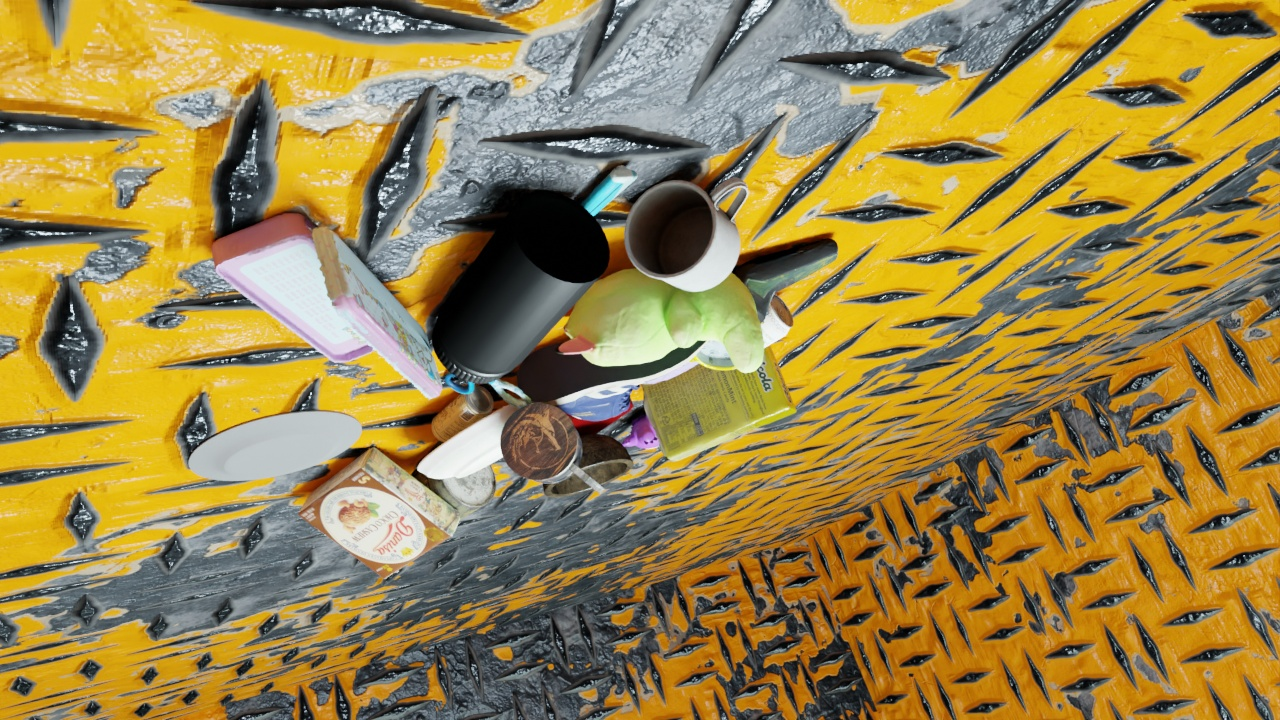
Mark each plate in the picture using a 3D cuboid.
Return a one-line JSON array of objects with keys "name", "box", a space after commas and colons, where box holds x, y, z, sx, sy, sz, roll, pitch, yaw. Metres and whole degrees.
[{"name": "plate", "box": [-0.177, 0.097, 1.097, 0.182, 0.034, 0.182, -31, 173, -4]}, {"name": "plate", "box": [-0.393, 0.099, 0.999, 0.178, 0.012, 0.179, -18, 160, -7]}]

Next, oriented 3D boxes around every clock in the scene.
[{"name": "clock", "box": [0.080, -0.032, 1.034, 0.119, 0.057, 0.083, 0, 141, 7]}]

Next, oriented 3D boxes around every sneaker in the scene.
[{"name": "sneaker", "box": [-0.008, 0.006, 1.017, 0.233, 0.091, 0.118, -23, 156, 10]}]

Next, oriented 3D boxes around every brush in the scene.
[{"name": "brush", "box": [-0.088, 0.075, 1.190, 0.082, 0.041, 0.174, 1, 151, -46]}]

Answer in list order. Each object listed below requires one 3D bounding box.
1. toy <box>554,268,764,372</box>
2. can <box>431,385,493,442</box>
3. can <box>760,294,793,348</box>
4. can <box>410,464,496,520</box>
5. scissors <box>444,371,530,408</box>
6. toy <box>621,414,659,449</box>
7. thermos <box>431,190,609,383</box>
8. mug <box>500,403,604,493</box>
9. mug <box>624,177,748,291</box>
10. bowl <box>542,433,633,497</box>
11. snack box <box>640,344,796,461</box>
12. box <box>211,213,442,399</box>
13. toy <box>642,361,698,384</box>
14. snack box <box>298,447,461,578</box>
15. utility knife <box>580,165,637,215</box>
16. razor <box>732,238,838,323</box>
[{"name": "toy", "box": [0.018, -0.043, 0.873, 0.197, 0.107, 0.150, 7, -164, 2]}, {"name": "can", "box": [-0.204, 0.062, 1.049, 0.038, 0.038, 0.080, 1, 151, -45]}, {"name": "can", "box": [0.128, -0.035, 1.097, 0.102, 0.055, 0.054, -32, 157, 29]}, {"name": "can", "box": [-0.246, 0.163, 1.194, 0.075, 0.089, 0.089, -33, 157, 32]}, {"name": "scissors", "box": [-0.176, 0.010, 0.945, 0.118, 0.013, 0.140, 4, 151, 29]}, {"name": "toy", "box": [0.014, 0.100, 1.341, 0.105, 0.056, 0.088, -22, 167, -27]}, {"name": "thermos", "box": [-0.113, -0.049, 0.778, 0.086, 0.086, 0.199, -4, 155, -38]}, {"name": "mug", "box": [-0.090, 0.104, 0.995, 0.080, 0.116, 0.107, -51, 172, -8]}, {"name": "mug", "box": [0.049, -0.112, 0.782, 0.113, 0.084, 0.070, -33, 160, 18]}, {"name": "bowl", "box": [-0.075, 0.128, 1.193, 0.121, 0.056, 0.121, -18, 160, -7]}, {"name": "snack box", "box": [0.095, 0.046, 1.180, 0.181, 0.121, 0.045, -26, 159, 17]}, {"name": "box", "box": [-0.235, -0.024, 0.718, 0.090, 0.091, 0.214, -21, 160, -1]}, {"name": "toy", "box": [0.032, 0.002, 1.128, 0.100, 0.036, 0.080, -30, 159, 29]}, {"name": "snack box", "box": [-0.325, 0.193, 1.146, 0.143, 0.041, 0.147, -33, 115, 30]}, {"name": "utility knife", "box": [-0.059, -0.112, 0.776, 0.022, 0.015, 0.167, -3, 156, -42]}, {"name": "razor", "box": [0.149, -0.084, 0.979, 0.151, 0.067, 0.054, -25, 166, -13]}]
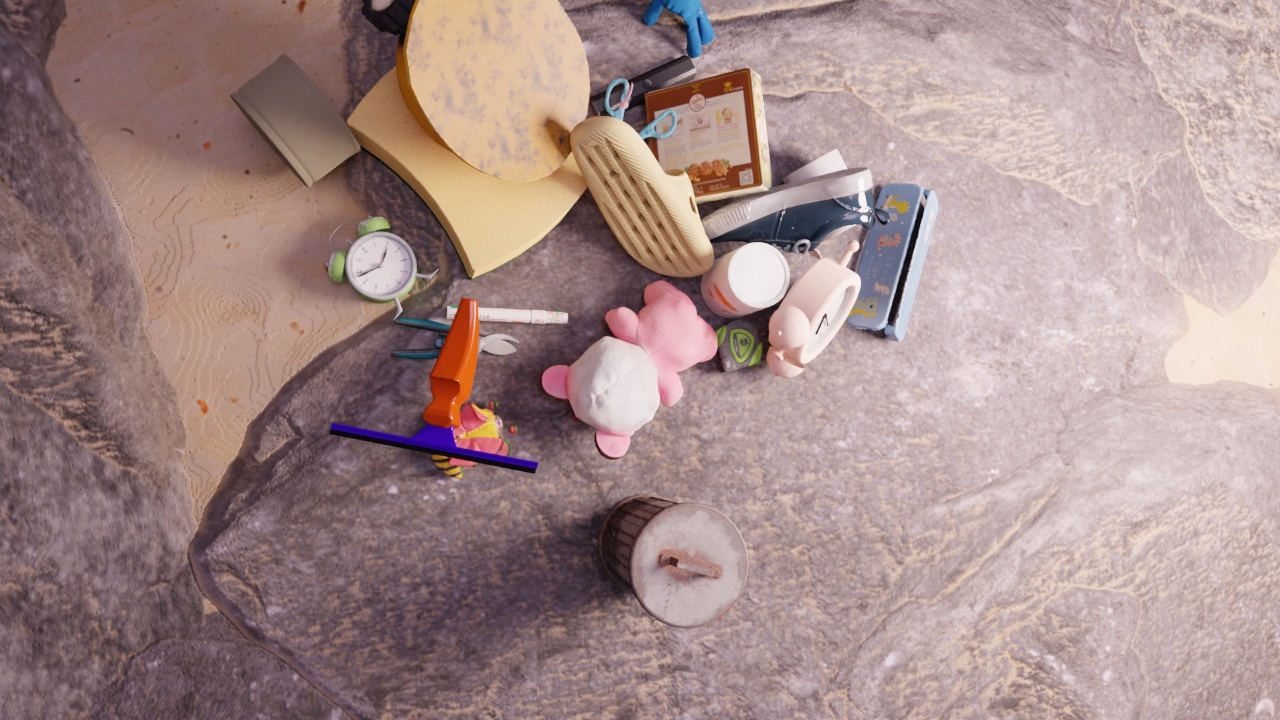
+ + +
(Work instruction)
Without the pictures, return the entries exactly as they appear.

(Exercise answer)
Mark each plate in the picture using a 3D cuboid.
Return a one-line JSON array of objects with keys "name", "box", a space after commas and colons, where box holds x, y, z, sx, sy, sz, roll, pitch, yaw. Metres and whole degrees.
[{"name": "plate", "box": [-0.177, 0.097, 1.097, 0.182, 0.034, 0.182, -31, 173, -4]}, {"name": "plate", "box": [-0.393, 0.099, 0.999, 0.178, 0.012, 0.179, -18, 160, -7]}]

Next, oriented 3D boxes around every clock in the scene.
[{"name": "clock", "box": [0.080, -0.032, 1.034, 0.119, 0.057, 0.083, 0, 141, 7]}]

Next, oriented 3D boxes around every sneaker in the scene.
[{"name": "sneaker", "box": [-0.008, 0.006, 1.017, 0.233, 0.091, 0.118, -23, 156, 10]}]

Next, oriented 3D boxes around every brush in the scene.
[{"name": "brush", "box": [-0.088, 0.075, 1.190, 0.082, 0.041, 0.174, 1, 151, -46]}]

Answer in list order. Each object listed below requires one 3D bounding box.
1. toy <box>554,268,764,372</box>
2. can <box>431,385,493,442</box>
3. can <box>760,294,793,348</box>
4. can <box>410,464,496,520</box>
5. scissors <box>444,371,530,408</box>
6. toy <box>621,414,659,449</box>
7. thermos <box>431,190,609,383</box>
8. mug <box>500,403,604,493</box>
9. mug <box>624,177,748,291</box>
10. bowl <box>542,433,633,497</box>
11. snack box <box>640,344,796,461</box>
12. box <box>211,213,442,399</box>
13. toy <box>642,361,698,384</box>
14. snack box <box>298,447,461,578</box>
15. utility knife <box>580,165,637,215</box>
16. razor <box>732,238,838,323</box>
[{"name": "toy", "box": [0.018, -0.043, 0.873, 0.197, 0.107, 0.150, 7, -164, 2]}, {"name": "can", "box": [-0.204, 0.062, 1.049, 0.038, 0.038, 0.080, 1, 151, -45]}, {"name": "can", "box": [0.128, -0.035, 1.097, 0.102, 0.055, 0.054, -32, 157, 29]}, {"name": "can", "box": [-0.246, 0.163, 1.194, 0.075, 0.089, 0.089, -33, 157, 32]}, {"name": "scissors", "box": [-0.176, 0.010, 0.945, 0.118, 0.013, 0.140, 4, 151, 29]}, {"name": "toy", "box": [0.014, 0.100, 1.341, 0.105, 0.056, 0.088, -22, 167, -27]}, {"name": "thermos", "box": [-0.113, -0.049, 0.778, 0.086, 0.086, 0.199, -4, 155, -38]}, {"name": "mug", "box": [-0.090, 0.104, 0.995, 0.080, 0.116, 0.107, -51, 172, -8]}, {"name": "mug", "box": [0.049, -0.112, 0.782, 0.113, 0.084, 0.070, -33, 160, 18]}, {"name": "bowl", "box": [-0.075, 0.128, 1.193, 0.121, 0.056, 0.121, -18, 160, -7]}, {"name": "snack box", "box": [0.095, 0.046, 1.180, 0.181, 0.121, 0.045, -26, 159, 17]}, {"name": "box", "box": [-0.235, -0.024, 0.718, 0.090, 0.091, 0.214, -21, 160, -1]}, {"name": "toy", "box": [0.032, 0.002, 1.128, 0.100, 0.036, 0.080, -30, 159, 29]}, {"name": "snack box", "box": [-0.325, 0.193, 1.146, 0.143, 0.041, 0.147, -33, 115, 30]}, {"name": "utility knife", "box": [-0.059, -0.112, 0.776, 0.022, 0.015, 0.167, -3, 156, -42]}, {"name": "razor", "box": [0.149, -0.084, 0.979, 0.151, 0.067, 0.054, -25, 166, -13]}]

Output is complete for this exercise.